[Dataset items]
----------
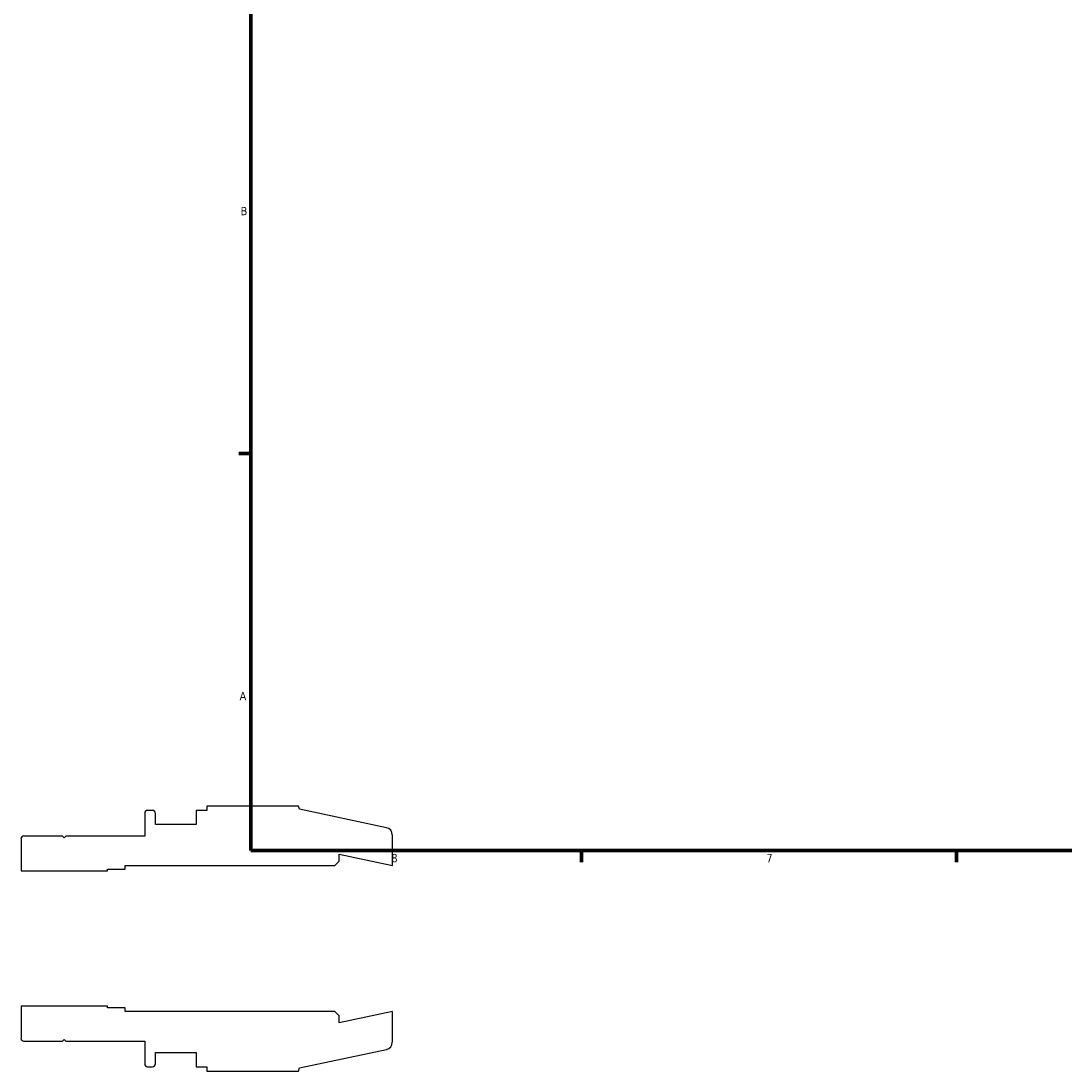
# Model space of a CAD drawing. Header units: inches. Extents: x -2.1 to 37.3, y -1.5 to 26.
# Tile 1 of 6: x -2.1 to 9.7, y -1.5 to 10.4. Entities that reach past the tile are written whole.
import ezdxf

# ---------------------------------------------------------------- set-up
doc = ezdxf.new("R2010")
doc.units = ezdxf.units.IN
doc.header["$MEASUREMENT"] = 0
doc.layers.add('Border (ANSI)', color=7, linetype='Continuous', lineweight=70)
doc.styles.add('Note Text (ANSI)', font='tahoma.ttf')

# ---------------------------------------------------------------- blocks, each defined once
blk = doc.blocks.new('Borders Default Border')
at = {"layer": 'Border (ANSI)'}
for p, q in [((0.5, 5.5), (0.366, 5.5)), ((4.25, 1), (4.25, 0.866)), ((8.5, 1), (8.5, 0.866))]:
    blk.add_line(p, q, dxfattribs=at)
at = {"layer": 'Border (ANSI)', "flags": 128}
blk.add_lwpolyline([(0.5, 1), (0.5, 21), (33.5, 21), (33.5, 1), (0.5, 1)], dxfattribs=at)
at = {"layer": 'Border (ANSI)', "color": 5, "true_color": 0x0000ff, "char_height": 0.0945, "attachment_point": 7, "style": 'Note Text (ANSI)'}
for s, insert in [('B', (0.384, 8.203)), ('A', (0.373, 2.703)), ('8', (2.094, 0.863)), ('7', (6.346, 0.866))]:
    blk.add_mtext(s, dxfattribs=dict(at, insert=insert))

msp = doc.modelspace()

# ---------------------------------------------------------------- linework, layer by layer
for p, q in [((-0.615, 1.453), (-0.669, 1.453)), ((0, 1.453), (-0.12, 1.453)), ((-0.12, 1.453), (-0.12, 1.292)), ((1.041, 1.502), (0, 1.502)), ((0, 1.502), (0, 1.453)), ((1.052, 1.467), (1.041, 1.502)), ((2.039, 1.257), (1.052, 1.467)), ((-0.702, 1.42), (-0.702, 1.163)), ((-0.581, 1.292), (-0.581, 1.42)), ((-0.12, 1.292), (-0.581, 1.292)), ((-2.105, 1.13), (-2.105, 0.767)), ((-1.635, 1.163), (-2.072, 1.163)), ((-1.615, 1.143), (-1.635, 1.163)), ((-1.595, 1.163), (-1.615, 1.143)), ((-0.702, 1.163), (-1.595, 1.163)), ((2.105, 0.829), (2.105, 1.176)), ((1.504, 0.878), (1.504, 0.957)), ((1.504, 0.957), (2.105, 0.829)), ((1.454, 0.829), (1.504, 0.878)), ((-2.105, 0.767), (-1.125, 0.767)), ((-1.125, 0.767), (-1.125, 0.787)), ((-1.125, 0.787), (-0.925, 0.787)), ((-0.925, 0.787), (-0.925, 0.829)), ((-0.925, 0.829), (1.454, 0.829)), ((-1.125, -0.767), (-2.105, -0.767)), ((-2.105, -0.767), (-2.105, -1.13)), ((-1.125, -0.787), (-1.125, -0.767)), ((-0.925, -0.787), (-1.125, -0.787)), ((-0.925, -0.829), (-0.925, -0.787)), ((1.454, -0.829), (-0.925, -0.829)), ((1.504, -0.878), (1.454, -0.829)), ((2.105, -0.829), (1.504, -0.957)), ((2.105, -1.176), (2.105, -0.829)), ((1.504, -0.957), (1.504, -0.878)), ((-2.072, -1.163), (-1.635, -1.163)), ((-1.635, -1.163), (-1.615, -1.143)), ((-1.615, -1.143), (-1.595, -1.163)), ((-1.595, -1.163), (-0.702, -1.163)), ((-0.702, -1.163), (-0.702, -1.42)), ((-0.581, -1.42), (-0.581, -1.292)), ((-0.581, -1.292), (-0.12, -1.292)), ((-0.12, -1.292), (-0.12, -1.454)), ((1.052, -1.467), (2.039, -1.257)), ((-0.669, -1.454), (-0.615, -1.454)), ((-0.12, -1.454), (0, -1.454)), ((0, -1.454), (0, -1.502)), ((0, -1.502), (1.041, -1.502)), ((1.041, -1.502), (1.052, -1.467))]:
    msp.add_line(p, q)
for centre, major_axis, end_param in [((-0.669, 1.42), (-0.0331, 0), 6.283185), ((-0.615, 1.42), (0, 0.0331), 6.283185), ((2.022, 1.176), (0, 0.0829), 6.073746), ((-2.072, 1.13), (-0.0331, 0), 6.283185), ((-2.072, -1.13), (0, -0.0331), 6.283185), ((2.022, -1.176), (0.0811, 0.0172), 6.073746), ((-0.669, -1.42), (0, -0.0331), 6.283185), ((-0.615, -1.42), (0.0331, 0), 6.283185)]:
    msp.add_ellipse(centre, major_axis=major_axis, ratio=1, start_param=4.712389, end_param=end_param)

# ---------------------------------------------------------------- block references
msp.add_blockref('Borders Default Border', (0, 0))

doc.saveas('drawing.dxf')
----------
__REQUIRED ACTION__. When pictures appear in the records above, leave them out and reproduce exactly each line from the first through the line containing "each defined once", both included.

__SOLUTION TO THIS TASK__.
# Model space of a CAD drawing. Header units: inches. Extents: x -2.1 to 37.3, y -1.5 to 26.
# Tile 1 of 6: x -2.1 to 9.7, y -1.5 to 10.4. Entities that reach past the tile are written whole.
import ezdxf

# ---------------------------------------------------------------- set-up
doc = ezdxf.new("R2010")
doc.units = ezdxf.units.IN
doc.header["$MEASUREMENT"] = 0
doc.layers.add('Border (ANSI)', color=7, linetype='Continuous', lineweight=70)
doc.styles.add('Note Text (ANSI)', font='tahoma.ttf')

# ---------------------------------------------------------------- blocks, each defined once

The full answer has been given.